Why Streaming Matters
Streaming makes the experience feel fast and responsive even for long answers, because you start reading while the model is still writing. It also gives you early signal — if the response is going in the wrong direction, you can stop it and rephrase your question without waiting for the full output. For longer reasoning tasks or detailed explanations, streaming is the difference between a tool that feels alive and one that feels sluggish.

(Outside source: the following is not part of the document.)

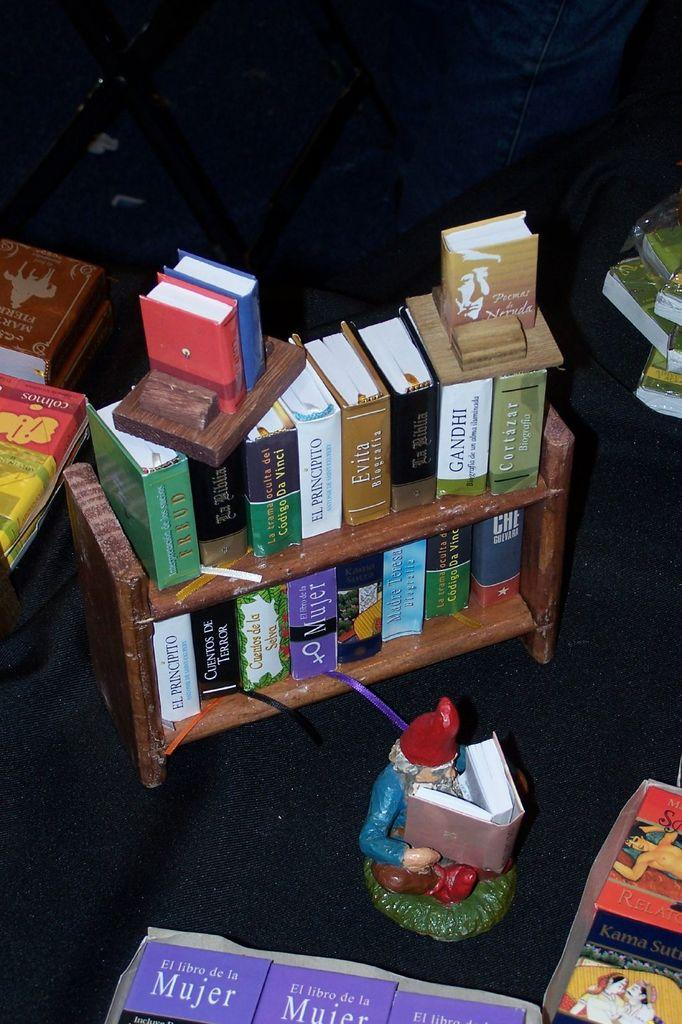<image>
Summarize the visual content of the image. A small book shelf with a figurine in front of it with books about El Librode la Mujer in front of it.

Documentation AI Assistant
Every page in this documentation has an Ask AI button. Clicking it opens an AI assistant that is specifically trained on SensAI's own documentation.
How It Works
This assistant uses the same RAG pipeline described above. When SensAI is deployed, the documentation is automatically indexed — all pages are processed into chunks, embedded, and stored in a vector database. When you ask the assistant a question, it retrieves the most relevant documentation passages and uses them to answer. The assistant only draws from what is actually written in the docs, so its answers are grounded and verifiable rather than speculative.
Automatic Updates
Because the indexing happens at deploy time, the documentation assistant always reflects the current state of the docs. When a page is updated or a new feature is documented, the next deployment re-indexes everything automatically. You do not need to manually refresh or rebuild the assistant — it stays in sync with the documentation without any extra steps.
Security and Authentication
SensAI uses session-based authentication. When you sign in, a secure session is created and stored in your browser. Every request you make to the backend is validated against your session before anything is processed.
Session-Based Authentication
When you sign in, SensAI creates a secure, time-limited session tied to your account. This session token is sent automatically with every request you make — you never need to handle it manually. The backend validates the session on every call before processing anything, ensuring that only authenticated users can access the AI, their chat history, or their Knowledge Bases. Sessions expire after a period of inactivity, and you will be prompted to sign in again to continue.
Data Privacy
- Your data is private — Knowledge Bases, chat history, and settings are associated with your account only. No other user can access them.
- No cross-user sharing — There is no shared memory or state between users. Each account is fully isolated.
- Sessions expire — If you are inactive for an extended period, your session will expire and you will need to sign in again.
You do not need to manage API keys or any credentials beyond your SensAI account login.